A/ A 5.80 g sample of solid NH4Br (s) is dissolved in 117 mL of water in a coffee cup calorimeter. Once all of the NH4Br (s) is dissolved in the water, the final temperature of the solution is found to be 6.73°C. If the initial temperature of the water in the calorimeter was 21.63 °C, calculate the calorimeter constant (in J/K) for the coffee cup calorimeter. Report your answer to three significant figures.
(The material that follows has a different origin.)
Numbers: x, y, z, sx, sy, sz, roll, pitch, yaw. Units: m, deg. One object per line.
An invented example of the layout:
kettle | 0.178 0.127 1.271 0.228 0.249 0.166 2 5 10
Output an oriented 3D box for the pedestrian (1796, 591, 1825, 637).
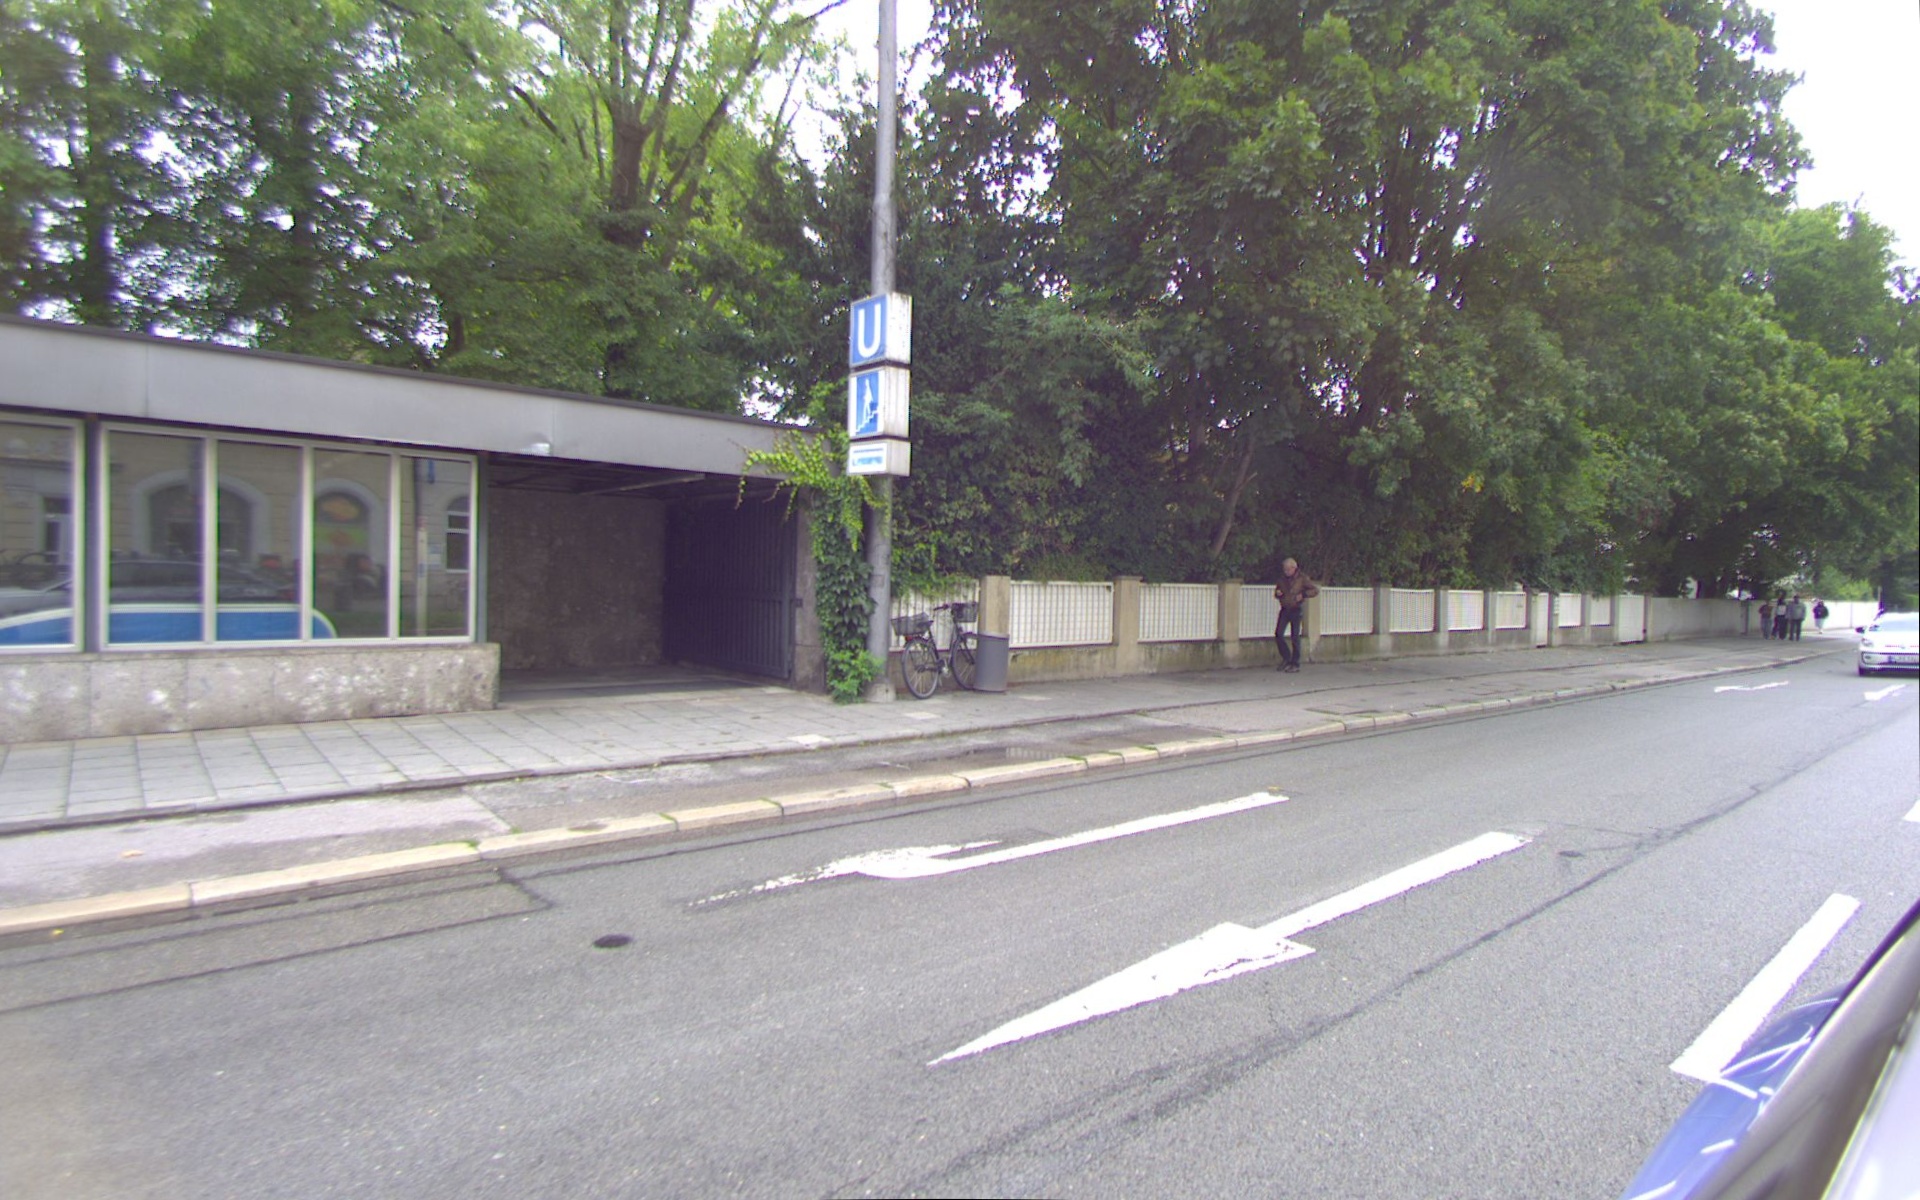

The heat of solvation of NH4Br (s) is 16.78 kJ/mol.

B/ Calculate the standard enthalpy change, ΔH°rxn, in kJ for the following chemical equation, using only the thermochemical equations below:

2NO₂(g) → NO(g) + NO₃(g)
Report your answer to three significant figures in scientific notation.

Equations:		ΔH°rxn (kJ)
NO(g) + 1/2O2(g) → NO2(g)		-56.5
1/2N2(g) + O2(g) → NO2(g)		33.8
N2(g) + 3O2(g) → 2NO3(g)		142.3

C/  Using the enthalpies of formation given below:

2H₂S(g) + 3O₂(g) → 2SO₂(g) + 2H₂O(l) ΔH°_rxn = -1124.14

H₂S (g): -20.60 kJ/mol

O₂ (g): 0.00 kJ/mol

SO₂ (g): -296.84 kJ/mol

H₂O (l): -285.83 kJ/mol

Calculate the amount of heat absorbed/released (in kJ) when 8.39 grams of SO₂ are produced via the above reaction.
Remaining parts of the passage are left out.